Mit jedem Zug an der Zigarette atmen Sie mehr als 4.000 schädliche Substanzen ein, die durch das Verbrennen von Tabak freigesetzt werden.
Auf dem Markt gibt es viele unterschiedliche Präparate, die diejenigen, die mit dem Rauchen aufhören wollen, in ihrem Vorhaben unterstützen sollen. Nikotinkaugummis und Nikotinlutschtabletten gelten dabei neben Nikotinpflastern oder Nikotinsprays als zwei besonders erfolgversprechende Hilfsmittel.

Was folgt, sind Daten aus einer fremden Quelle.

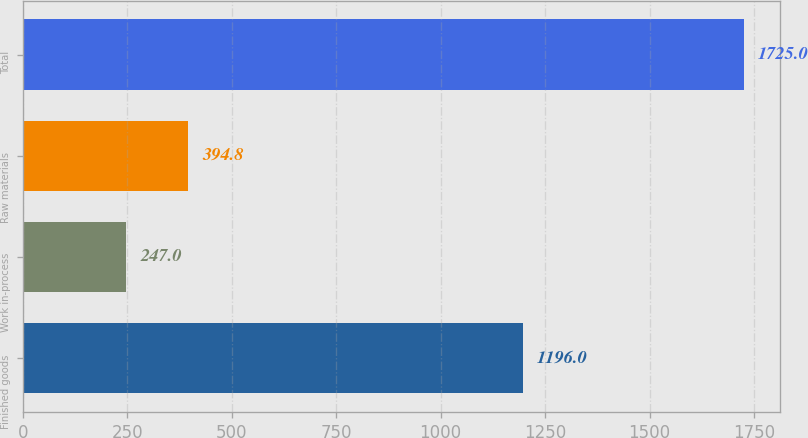Convert chart. <chart><loc_0><loc_0><loc_500><loc_500><bar_chart><fcel>Finished goods<fcel>Work in-process<fcel>Raw materials<fcel>Total<nl><fcel>1196<fcel>247<fcel>394.8<fcel>1725<nl></chart>

Auch Nikotinersatzprodukte (etwa Kaugummis oder Lutschtabletten) enthalten den Wirkstoff Nikotin, den wir in Zigaretten finden und der die eigentliche Ursache der Sucht bildet. Dennoch können solche Produkte helfen, einen Rauchstopp zu erwirken. Zudem ist für die gesundheitlichen Schäden, die durch Zigarettenkonsum hervorgerufen werden können, nicht unbedingt das Nikotin verantwortlich, sondern die vielen anderen giftigen Inhaltsstoffe im Tabakrauch. Das bedeutet: Der Griff zu Nikotinersatz ist gesünder als der Griff zur Zigarette.
Wichtig: Allein Nikotinersatzpräparate werden nicht reichen, um das Rauchen aufzugeben – Motivation und Konsequenz sollten die Grundlage Ihres Vorhabens – mit dem Rauchen aufzuhören – bilden.
Nikotin-Wirkung
Der Gehalt an Nikotin (auch Nicotin) in einer Zigarette beträgt rund 0,9 mg, in der Zigarette selbst ist mit 12 mg aber wesentlich mehr Nikotin enthalten. Das meiste davon verbrennt allerdings beim Rauchen, bevor es eingeatmet werden kann.
In geringen Dosen ist Nikotin ein Stimulans (wirkt aufputschend), in mittleren Dosen führt es zur Entspannung und in sehr hohen Dosen kann es giftig sein. Eine akute Überdosierung zeigt sich mit Übelkeit und Erbrechen.
Die Aufgabe der Nikotinersatzpräparate ist es, Entzugserscheinungen der Sucht zu reduzieren. Diese Entzugssymptome können zum Beispiel sein:
- Nervosität, Unruhe
- Angst
- Reizbarkeit, Aggressivität
- depressive Verstimmungen
- Konzentrationsprobleme
- Unruhe
- Schlafstörungen
- vermehrter Hunger bzw. Appetit
Nikotinersatz kann zwar nur die körperlichen Symptome des Nikotinentzugs lindern, welche meist nach 7 bis 10 Tagen abklingen, aber in der Regel werden dadurch auch die mentalen Belastungen, die mit der Raucherentwöhnung einhergehen, eingedämmt.
Die psychische Abhängigkeit nach Nikotin besteht weitaus länger als die körperliche, denn ein Großteil der Raucher greift nur in bestimmten Situationen zur Zigarette, um so Ärger, Stress oder anderen schwierigen Situationen zu begegnen. Auch Geselligkeit oder geistige Anregung können solche Situationen sein. Wenn sie dann plötzlich nicht mehr die gewohnte Zigarette in den Händen halten, kommt es oft zu einer inneren Leere, mit der sie erst umzugehen lernen müssen.
Liebes vergleich.org team,
ich habe mal gelesen das man Nicotin Kaugummies zur Diät nehmen kann. Stimtm das?
vielen Dank für eure antwort!
Liebe Frau Schulte,
vielen Dank für Ihren Kommentar zu unserem Nikotinlutschpastillen/Nikotinkaugummi-Vergleich.
In der Tat kauen einige Menschen Nikotinkaugummis zum Abnehmen. Der Grund liegt darin, dass Nikotin den Fettabbau anregen kann und bei vielen Leuten auch den Appetit zügelt. Auf dieser Website zum Thema Nikotin und Bodybuilding finden Sie noch weitere Informationen zum Thema Diät und Nikotin.
Sicherlich ist das Kauen von Nikotinkaugummis gesünder, als täglich 20 Zigaretten zu rauchen. Trotzdem sollten Sie sich bewusst sein, dass es sich bei Nikotin um eine Substanz handelt, die in größeren Mengen giftig wirkt. Zudem kann es bei regelmäßiger Nikotinzufuhr zur Erhöhung des Blutdrucks kommen. Auch Übelkeit und Erbrechen können auftreten, wenn Sie auf Niktoinkaugummis zurückgreifen.
Wir hoffen, wir konnten Ihnen weiterhelfen & wünschen Ihnen viel Erfolg bei Ihrer Diät.